**Instructions to follow**
Please return the listing exactly as written, but without its pictures.

==== Given records ====

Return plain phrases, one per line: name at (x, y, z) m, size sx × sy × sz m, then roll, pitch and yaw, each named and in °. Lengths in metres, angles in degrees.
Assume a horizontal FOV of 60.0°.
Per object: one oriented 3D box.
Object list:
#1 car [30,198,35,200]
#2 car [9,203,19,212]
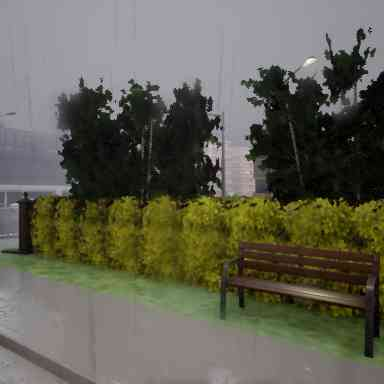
car at (-15.847, 1.515, 36.090) m, size 1.994 × 1.385 × 4.181 m, roll 0°, pitch 0°, yaw 35°
car at (-18.568, 1.477, 38.326) m, size 1.812 × 1.442 × 4.674 m, roll 0°, pitch 0°, yaw 33°
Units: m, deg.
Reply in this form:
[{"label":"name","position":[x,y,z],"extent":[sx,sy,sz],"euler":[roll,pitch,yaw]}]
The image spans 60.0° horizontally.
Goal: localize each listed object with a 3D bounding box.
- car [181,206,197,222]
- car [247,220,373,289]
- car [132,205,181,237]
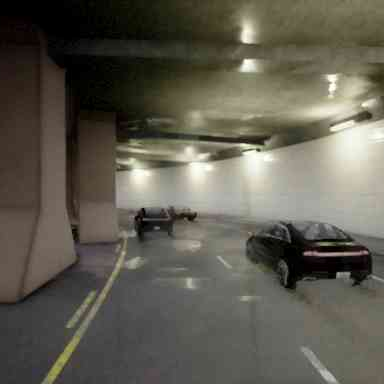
[{"label":"car","position":[-1.347,1.740,27.214],"extent":[1.895,1.301,4.718],"euler":[0,0,-23]},{"label":"car","position":[2.906,1.524,9.303],"extent":[2.128,1.511,4.902],"euler":[0,0,-5]},{"label":"car","position":[-2.284,1.594,18.912],"extent":[2.128,1.511,4.902],"euler":[0,0,-13]}]
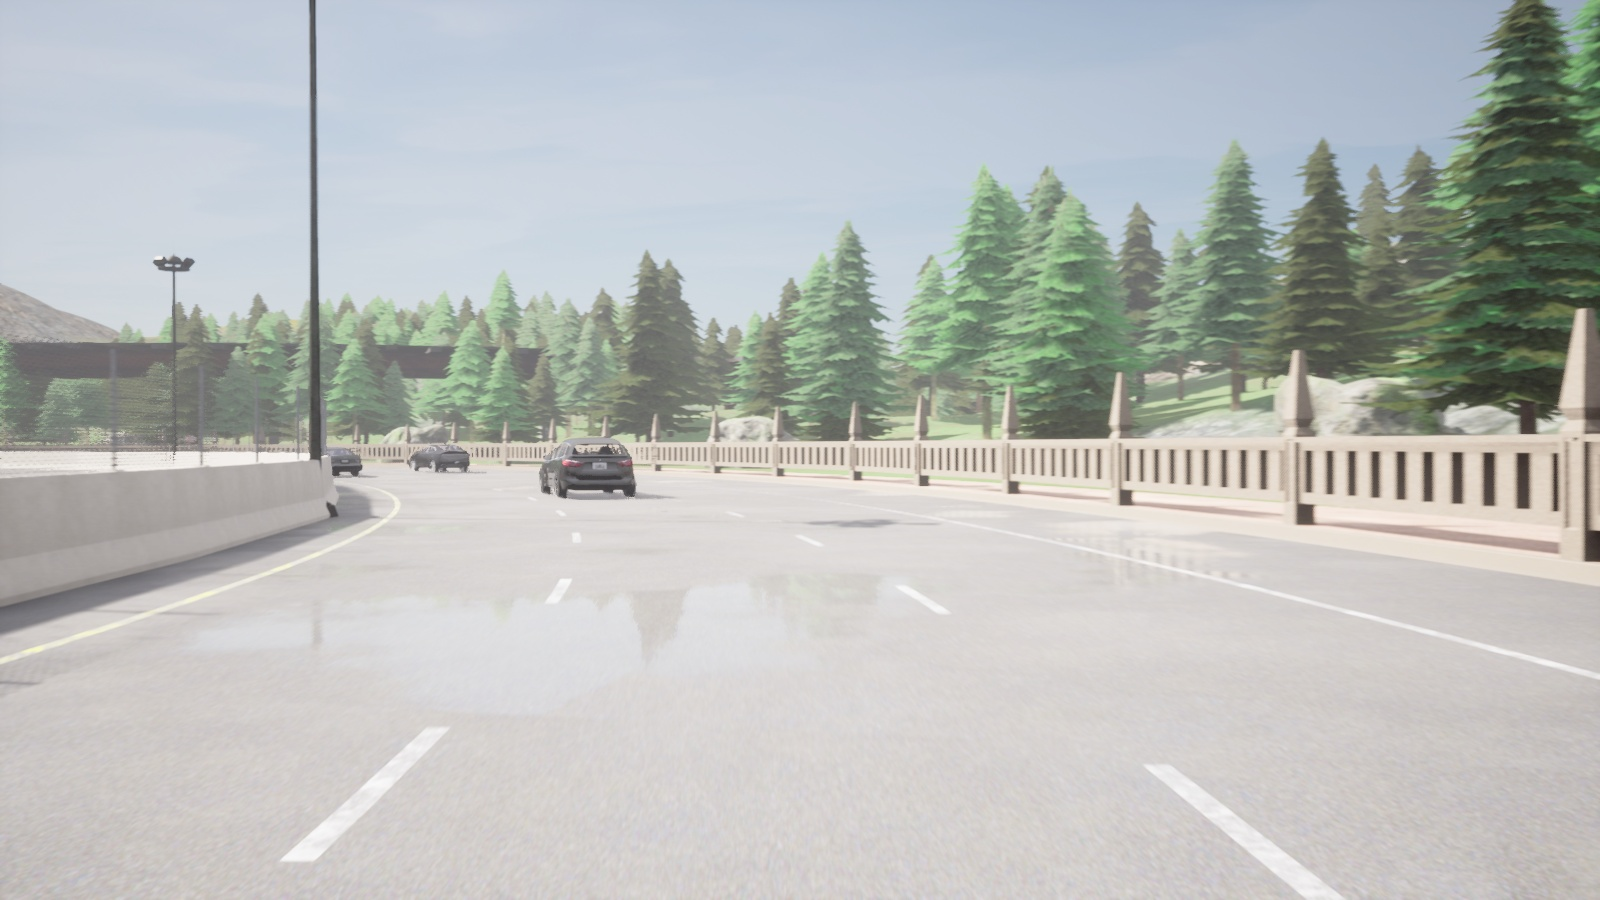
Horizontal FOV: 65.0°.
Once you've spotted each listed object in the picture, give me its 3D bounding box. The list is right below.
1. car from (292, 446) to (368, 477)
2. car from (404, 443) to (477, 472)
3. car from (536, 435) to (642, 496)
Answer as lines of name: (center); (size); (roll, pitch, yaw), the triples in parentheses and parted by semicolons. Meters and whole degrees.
car: (-22.634, 0.523, 60.389); (2.033, 1.411, 5.357); (0, 0, -36)
car: (-19.443, 0.382, 67.718); (2.128, 1.511, 4.902); (0, 0, -38)
car: (-6.213, 0.406, 36.459); (2.242, 1.667, 4.611); (0, 0, -20)

====

**Result of the exercise**
Return plain phrases, one per line: name at (x, y, z) m, size sx × sy × sz m, then roll, pitch and yaw, each named and in °. Lengths in metres, angles in degrees.
Assume a horizontal FOV of 60.0°.
Per object: one oriented 3D box.
Object list:
#1 car [30,198,35,200]
#2 car [9,203,19,212]
car at (-15.847, 1.515, 36.090) m, size 1.994 × 1.385 × 4.181 m, roll 0°, pitch 0°, yaw 35°
car at (-18.568, 1.477, 38.326) m, size 1.812 × 1.442 × 4.674 m, roll 0°, pitch 0°, yaw 33°
Units: m, deg.
Reply in this form:
[{"label":"name","position":[x,y,z],"extent":[sx,sy,sz],"euler":[roll,pitch,yaw]}]
The image spans 60.0° horizontally.
Goal: localize each listed object with a 3D bounding box.
- car [181,206,197,222]
- car [247,220,373,289]
- car [132,205,181,237]
[{"label":"car","position":[-1.347,1.740,27.214],"extent":[1.895,1.301,4.718],"euler":[0,0,-23]},{"label":"car","position":[2.906,1.524,9.303],"extent":[2.128,1.511,4.902],"euler":[0,0,-5]},{"label":"car","position":[-2.284,1.594,18.912],"extent":[2.128,1.511,4.902],"euler":[0,0,-13]}]
Horizontal FOV: 65.0°.
Once you've spotted each listed object in the picture, give me its 3D bounding box. The list is right below.
1. car from (292, 446) to (368, 477)
2. car from (404, 443) to (477, 472)
3. car from (536, 435) to (642, 496)
Answer as lines of name: (center); (size); (roll, pitch, yaw), the triples in parentheses and parted by semicolons. Meters and whole degrees.
car: (-22.634, 0.523, 60.389); (2.033, 1.411, 5.357); (0, 0, -36)
car: (-19.443, 0.382, 67.718); (2.128, 1.511, 4.902); (0, 0, -38)
car: (-6.213, 0.406, 36.459); (2.242, 1.667, 4.611); (0, 0, -20)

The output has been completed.